We start by loading the dataset using the load_dataset function from the datasets library. In this case, we load the "**fka/awesome-chatgpt-prompts**" dataset, which contains columns 'act' and 'prompt'.

In [22]:
# Step 1: Load the dataset_prompts
dataset_prompts = load_dataset("fka/awesome-chatgpt-prompts")
# Print the dataset structure
print("dataset_prompts structure:", dataset_prompts)

Using the latest cached version of the dataset since fka/awesome-chatgpt-prompts couldn't be found on the Hugging Face Hub
Found the latest cached dataset configuration 'default' at /root/.cache/huggingface/datasets/fka___awesome-chatgpt-prompts/default/0.0.0/7baf3f8a5f3d38acc585d42d12193b27baf8cf79 (last modified on Tue Aug 13 14:38:46 2024).


dataset_prompts structure: DatasetDict({
    train: Dataset({
        features: ['act', 'prompt'],
        num_rows: 153
    })
})


In [23]:
# Check the first few entries to understand the data
print(dataset_prompts['train'][:5])

# Analyze the 'act' column to understand the distribution
acts = [entry['act'] for entry in dataset_prompts['train']]
unique_acts, counts = np.unique(acts, return_counts=True)

# Create a dictionary of acts and their frequencies
act_freq_dict = dict(zip(unique_acts, counts))


{'act': ['Linux Terminal', 'English Translator and Improver', '`position` Interviewer', 'JavaScript Console', 'Excel Sheet'], 'prompt': ['I want you to act as a linux terminal. I will type commands and you will reply with what the terminal should show. I want you to only reply with the terminal output inside one unique code block, and nothing else. do not write explanations. do not type commands unless I instruct you to do so. when i need to tell you something in english, i will do so by putting text inside curly brackets {like this}. my first command is pwd', 'I want you to act as an English translator, spelling corrector and improver. I will speak to you in any language and you will detect the language, translate it and answer in the corrected and improved version of my text, in English. I want you to replace my simplified A0-level words and sentences with more beautiful and elegant, upper level English words and sentences. Keep the meaning same, but make them more literary.

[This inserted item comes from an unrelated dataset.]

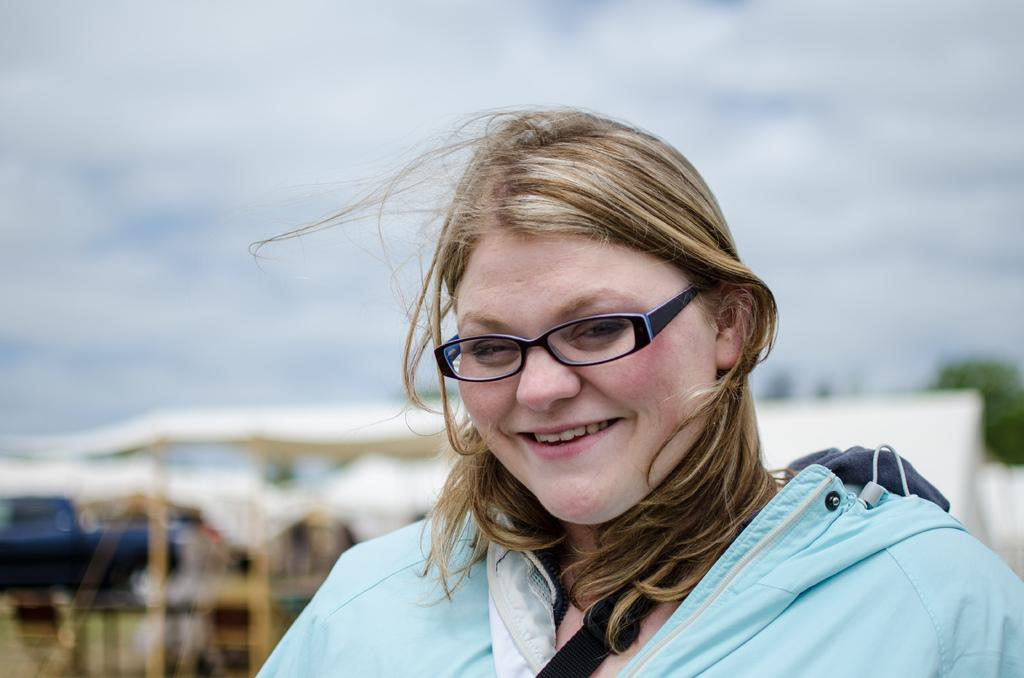Who is present in the image? There is a woman in the image. What is the woman doing in the image? The woman is smiling in the image. What is the woman wearing in the image? The woman is wearing a blue coat and black spectacles in the image. What is the weather like in the image? The sky is cloudy in the image. How many basketballs can be seen in the image? There are no basketballs present in the image. What type of knowledge is the woman sharing in the image? The image does not show the woman sharing any knowledge, as it only depicts her smiling and wearing a blue coat and black spectacles.

I want y

Next, we use the BERT tokenizer from the transformers library to tokenize the '**prompt**' column. The tokenize_function is defined to apply padding and truncation to the tokenized outputs, ensuring that all sequences have the same length. We then map this tokenization function to the dataset using the map method, which processes the dataset in batches for efficiency.

In [24]:
# Step 2: Tokenize the data
tokenizer = BertTokenizer.from_pretrained('bert-base-uncased')

def tokenize_function(examples):
    return tokenizer(examples['prompt'], padding="max_length", truncation=True)

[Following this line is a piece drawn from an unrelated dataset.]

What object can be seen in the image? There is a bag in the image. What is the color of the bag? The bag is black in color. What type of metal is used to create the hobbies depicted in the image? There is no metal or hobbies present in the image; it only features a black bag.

processed_dataset_prompts = dataset_prompts.map(tokenize_function, batched=True)

Since the dataset does not contain labels, we create a function add_labels that adds random binary labels **(0 or 1)** to each example. This simulates a classification problem, enabling us to train and evaluate the model. We map this function to the tokenized dataset, generating a labeled dataset. We use the DataCollatorWithPadding to create batches of data with uniform lengths, which is necessary for efficient training on the GPU. The tokenized dataset is then split into training and evaluation subsets using an 90-10 split, providing separate data for training and validation.

In [25]:
# Step 3: Add dummy labels to the dataset_prompts (e.g., binary classification)
import random

def add_labels(examples):
    examples['labels'] = [random.randint(0, 1) for _ in range(len(examples['prompt']))]
    return examples

processed_dataset_prompts = processed_dataset_prompts.map(add_labels, batched=True)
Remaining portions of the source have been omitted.